Google Web Concentrator
Google is providing Web Accelerator altrusitically?
Uh, not likely, actually. They claim that faster pageloads will leave clickers more time to Google stuff, up to (as they trumpeted) 2 hours saved in a year. I can't see me using those two hours to Google more sites...
However, given the nature of Google, there are two scenarios which make sense.

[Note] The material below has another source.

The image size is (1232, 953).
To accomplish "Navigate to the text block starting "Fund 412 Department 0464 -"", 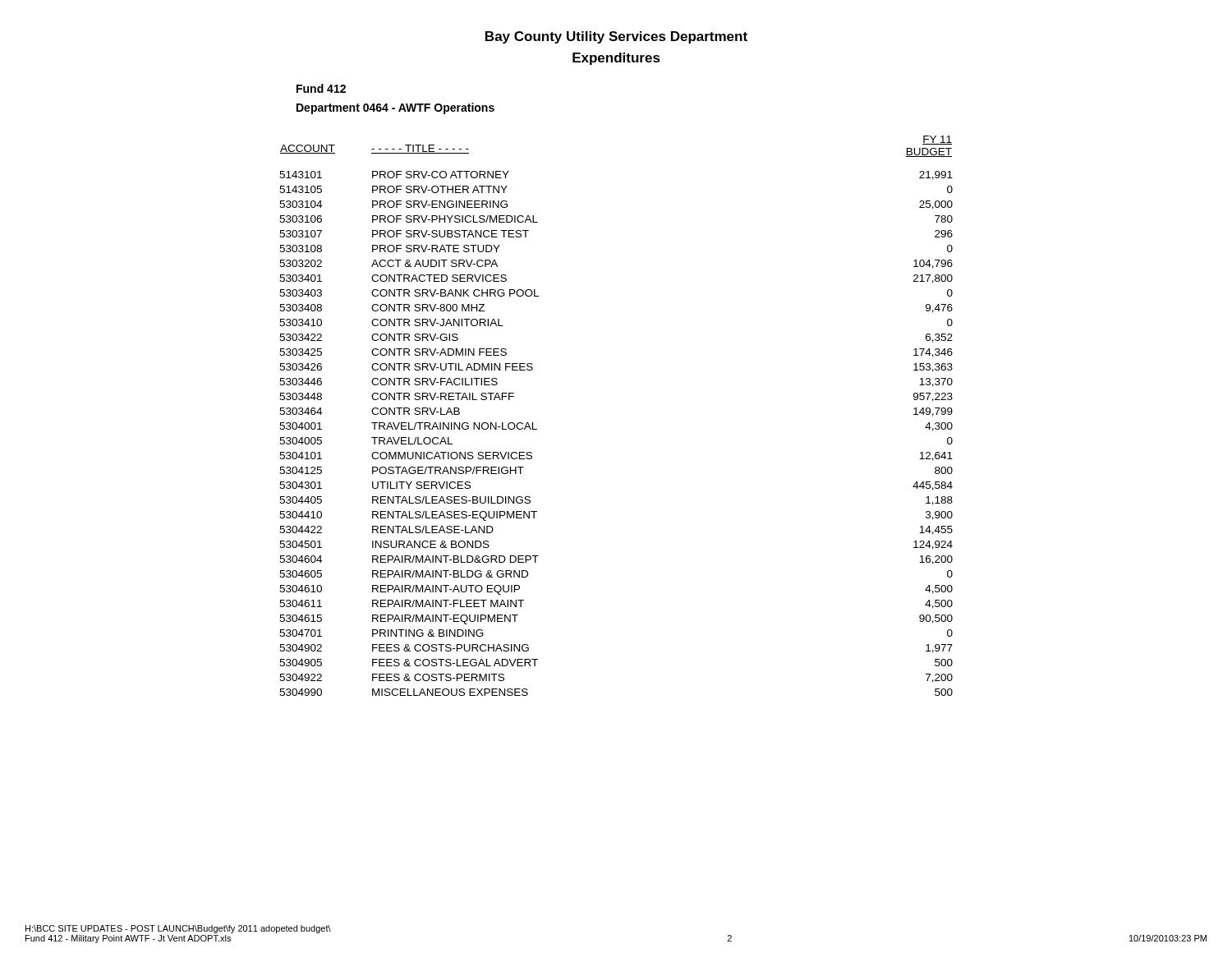I will (x=395, y=98).
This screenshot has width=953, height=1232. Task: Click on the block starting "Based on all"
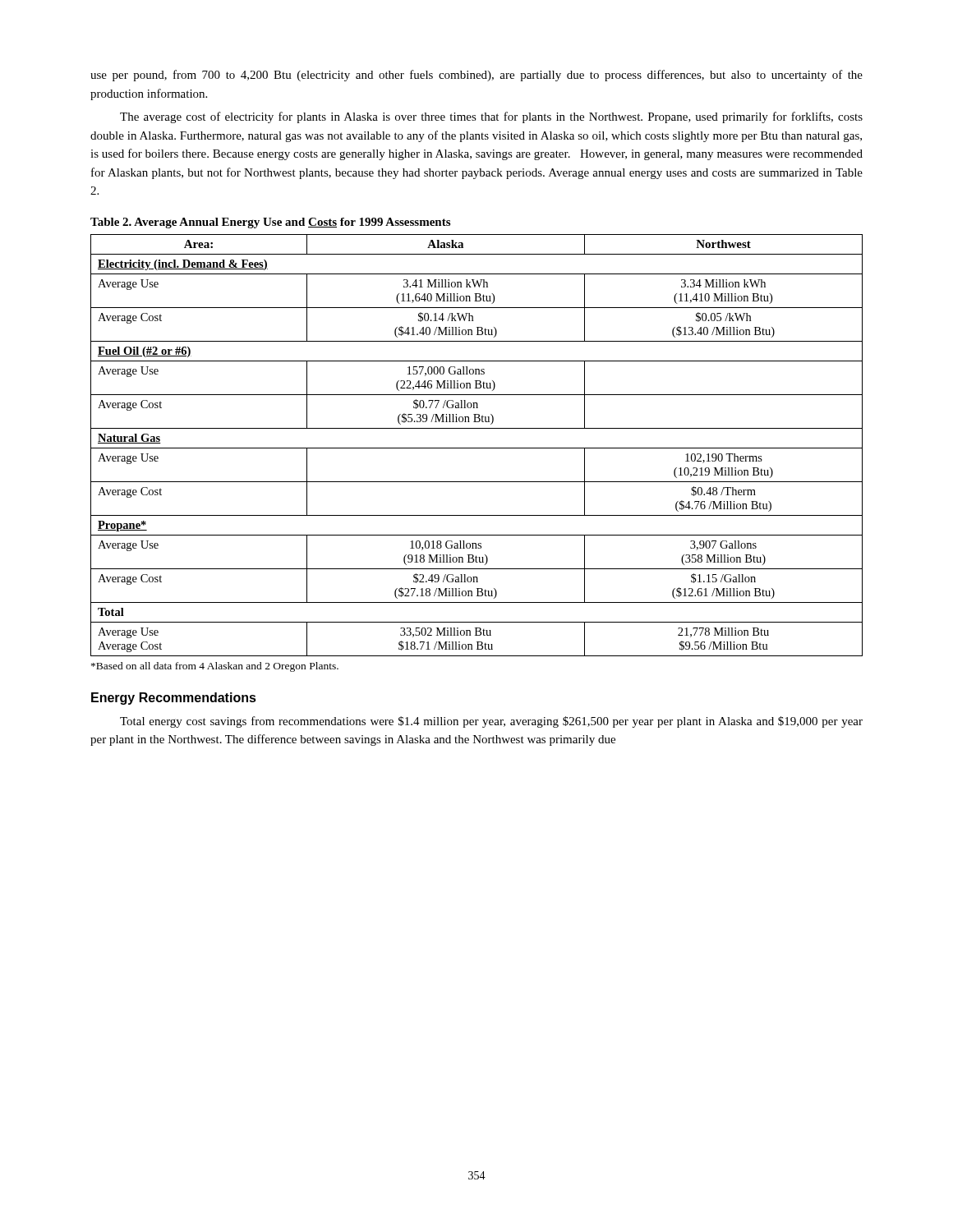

Google record your traffic patterns using GWA and use that to provide even closer-grained demographic/click information to their advertisers, or indeed use the information themselves. After all, the GWA itself is based on similar research that counted where mouseclicks fell on various pages.
Google has become sentient and is trying to get a handle on what it's like to be human for some reason.
Given the size of the server farms that Google runs on, item 2 isn't as farfetched as it may on the surface appear. In which case I am due for speedy termination... I mean, Google is digitising how many hundred University libraries?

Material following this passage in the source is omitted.